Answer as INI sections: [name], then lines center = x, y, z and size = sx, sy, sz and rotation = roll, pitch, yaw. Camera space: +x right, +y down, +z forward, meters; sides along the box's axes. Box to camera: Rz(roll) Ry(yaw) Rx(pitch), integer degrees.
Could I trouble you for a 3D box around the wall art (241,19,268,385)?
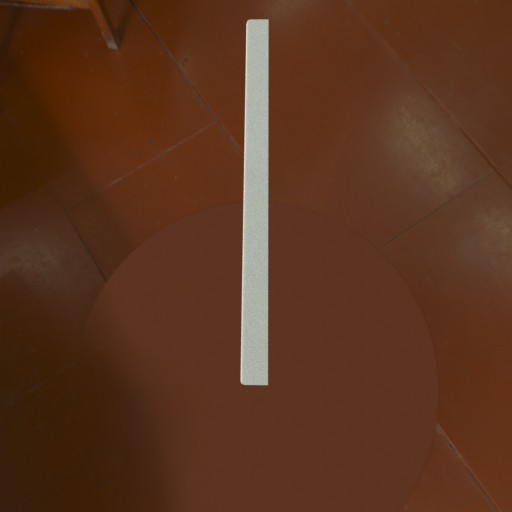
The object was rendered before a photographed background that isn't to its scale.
[wall art]
center = 0.000, 0.000, 1.131
size = 0.038, 0.912, 0.607
rotation = 0, 75, 0

────────

About this exercise =
The line with "Could I trouble" is the last to include; transcribe exactly every line from the top of the material above down to it.

Exercise result =
Answer as INI sections: [name], then lines center = x, y, z and size = sx, sy, sz and rotation = roll, pitch, yaw. Camera space: +x right, +y down, +z forward, meters; sides along the box's axes. Box to camera: Rz(roll) Ry(yaw) Rx(pitch), integer degrees.
Could I trouble you for a 3D box around the wall art (241,19,268,385)?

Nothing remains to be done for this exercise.